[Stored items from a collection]
========================================

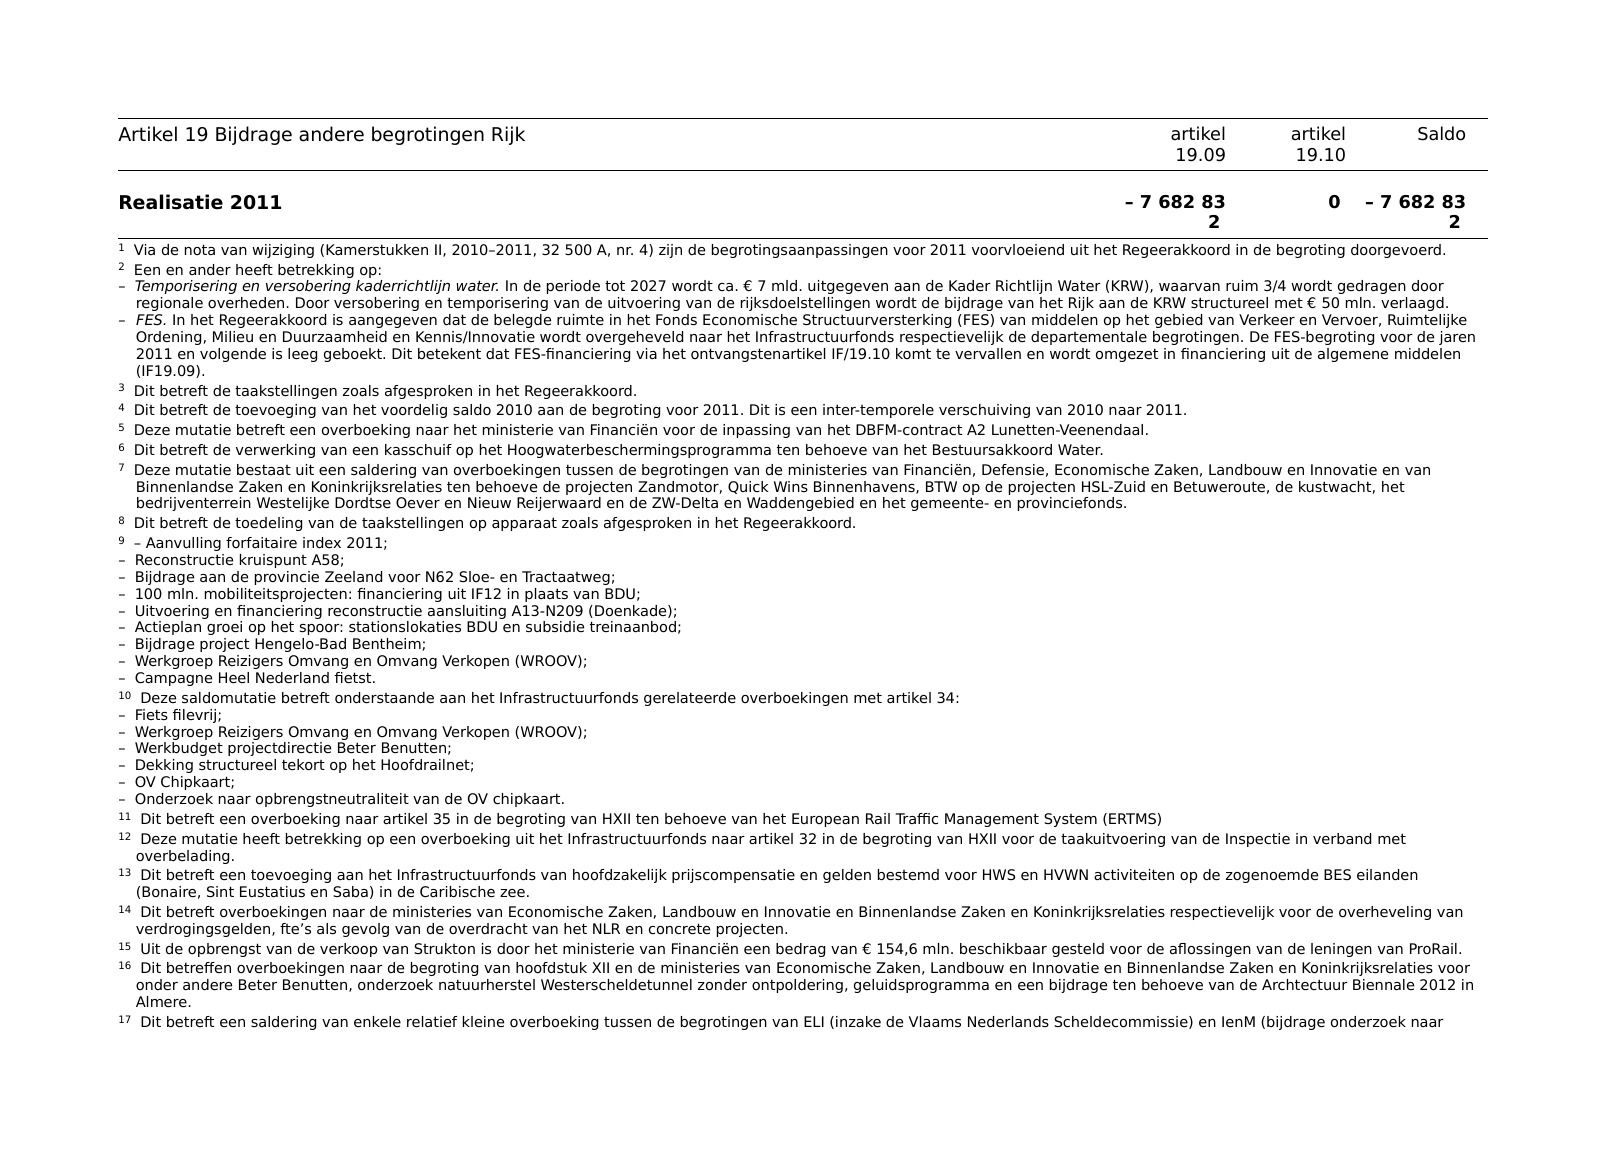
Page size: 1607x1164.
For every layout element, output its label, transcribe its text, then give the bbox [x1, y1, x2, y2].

table_cell [1232, 171, 1352, 192]
table_header [871, 119, 1112, 170]
table_header Saldo [1352, 119, 1472, 170]
table_cell [871, 192, 1112, 238]
table_cell [1352, 171, 1472, 192]
table_cell 1 Via de nota van wijziging (Kamerstukken II, 2010–2011, 32 500 A, nr. 4) zijn de begrotingsaanpassingen voor 2011 voorvloeiend uit het Regeerakkoord in de begroting doorgevoerd. 2 Een en ander heeft betrekking op: – Temporisering en versobering kaderrichtlijn water. In de periode tot 2027 wordt ca. € 7 mld. uitgegeven aan de Kader Richtlijn Water (KRW), waarvan ruim 3/4 wordt gedragen door regionale overheden. Door versobering en temporisering van de uitvoering van de rijksdoelstellingen wordt de bijdrage van het Rijk aan de KRW structureel met € 50 mln. verlaagd. – FES. In het Regeerakkoord is aangegeven dat de belegde ruimte in het Fonds Economische Structuurversterking (FES) van middelen op het gebied van Verkeer en Vervoer, Ruimtelijke Ordening, Milieu en Duurzaamheid en Kennis/Innovatie wordt overgeheveld naar het Infrastructuurfonds respectievelijk de departementale begrotingen. De FES-begroting voor de jaren 2011 en volgende is leeg geboekt. Dit betekent dat FES-financiering via het ontvangstenartikel IF/19.10 komt te vervallen en wordt omgezet in financiering uit de algemene middelen (IF19.09). 3 Dit betreft de taakstellingen zoals afgesproken in het Regeerakkoord. 4 Dit betreft de toevoeging van het voordelig saldo 2010 aan de begroting voor 2011. Dit is een inter-temporele verschuiving van 2010 naar 2011. 5 Deze mutatie betreft een overboeking naar het ministerie van Financiën voor de inpassing van het DBFM-contract A2 Lunetten-Veenendaal. 6 Dit betreft de verwerking van een kasschuif op het Hoogwaterbeschermingsprogramma ten behoeve van het Bestuursakkoord Water. 7 Deze mutatie bestaat uit een saldering van overboekingen tussen de begrotingen van de ministeries van Financiën, Defensie, Economische Zaken, Landbouw en Innovatie en van Binnenlandse Zaken en Koninkrijksrelaties ten behoeve de projecten Zandmotor, Quick Wins Binnenhavens, BTW op de projecten HSL-Zuid en Betuweroute, de kustwacht, het bedrijventerrein Westelijke Dordtse Oever en Nieuw Reijerwaard en de ZW-Delta en Waddengebied en het gemeente- en provinciefonds. 8 Dit betreft de toedeling van de taakstellingen op apparaat zoals afgesproken in het Regeerakkoord. 9 – Aanvulling forfaitaire index 2011; – Reconstructie kruispunt A58; – Bijdrage aan de provincie Zeeland voor N62 Sloe- en Tractaatweg; – 100 mln. mobiliteitsprojecten: financiering uit IF12 in plaats van BDU; – Uitvoering en financiering reconstructie aansluiting A13-N209 (Doenkade); – Actieplan groei op het spoor: stationslokaties BDU en subsidie treinaanbod; – Bijdrage project Hengelo-Bad Bentheim; – Werkgroep Reizigers Omvang en Omvang Verkopen (WROOV); – Campagne Heel Nederland fietst. 10 Deze saldomutatie betreft onderstaande aan het Infrastructuurfonds gerelateerde overboekingen met artikel 34: – Fiets filevrij; – Werkgroep Reizigers Omvang en Omvang Verkopen (WROOV); – Werkbudget projectdirectie Beter Benutten; – Dekking structureel tekort op het Hoofdrailnet; – OV Chipkaart; – Onderzoek naar opbrengstneutraliteit van de OV chipkaart. 11 Dit betreft een overboeking naar artikel 35 in de begroting van HXII ten behoeve van het European Rail Traffic Management System (ERTMS) 12 Deze mutatie heeft betrekking op een overboeking uit het Infrastructuurfonds naar artikel 32 in de begroting van HXII voor de taakuitvoering van de Inspectie in verband met overbelading. 13 Dit betreft een toevoeging aan het Infrastructuurfonds van hoofdzakelijk prijscompensatie en gelden bestemd voor HWS en HVWN activiteiten op de zogenoemde BES eilanden (Bonaire, Sint Eustatius en Saba) in de Caribische zee. 14 Dit betreft overboekingen naar de ministeries van Economische Zaken, Landbouw en Innovatie en Binnenlandse Zaken en Koninkrijksrelaties respectievelijk voor de overheveling van verdrogingsgelden, fte’s als gevolg van de overdracht van het NLR en concrete projecten. 15 Uit de opbrengst van de verkoop van Strukton is door het ministerie van Financiën een bedrag van € 154,6 mln. beschikbaar gesteld voor de aflossingen van de leningen van ProRail. 16 Dit betreffen overboekingen naar de begroting van hoofdstuk XII en de ministeries van Economische Zaken, Landbouw en Innovatie en Binnenlandse Zaken en Koninkrijksrelaties voor onder andere Beter Benutten, onderzoek natuurherstel Westerscheldetunnel zonder ontpoldering, geluidsprogramma en een bijdrage ten behoeve van de Archtectuur Biennale 2012 in Almere. 17 Dit betreft een saldering van enkele relatief kleine overboeking tussen de begrotingen van ELI (inzake de Vlaams Nederlands Scheldecommissie) en IenM (bijdrage onderzoek naar [118, 239, 1488, 1031]
table_cell – 7 682 832 [1352, 192, 1472, 238]
table_cell [118, 171, 871, 192]
table_cell [1472, 192, 1488, 238]
table_cell Realisatie 2011 [118, 192, 871, 238]
table_header Artikel 19 Bijdrage andere begrotingen Rijk [118, 119, 871, 170]
table_header [1472, 119, 1488, 170]
table_cell [871, 171, 1112, 192]
table_header artikel 19.09 [1112, 119, 1232, 170]
table_cell [1472, 171, 1488, 192]
table_cell [1112, 171, 1232, 192]
table_header artikel 19.10 [1232, 119, 1352, 170]
table_cell – 7 682 832 [1112, 192, 1232, 238]
table_cell 0 [1232, 192, 1352, 238]

========================================

* _Work item_:
From the line with "table_cell [1472, 171, 1488, 192]" to the final line of the entries above, return every line exactly as written.

* _Answer for the task_:
table_cell [1472, 171, 1488, 192]
table_cell [1112, 171, 1232, 192]
table_header artikel 19.10 [1232, 119, 1352, 170]
table_cell – 7 682 832 [1112, 192, 1232, 238]
table_cell 0 [1232, 192, 1352, 238]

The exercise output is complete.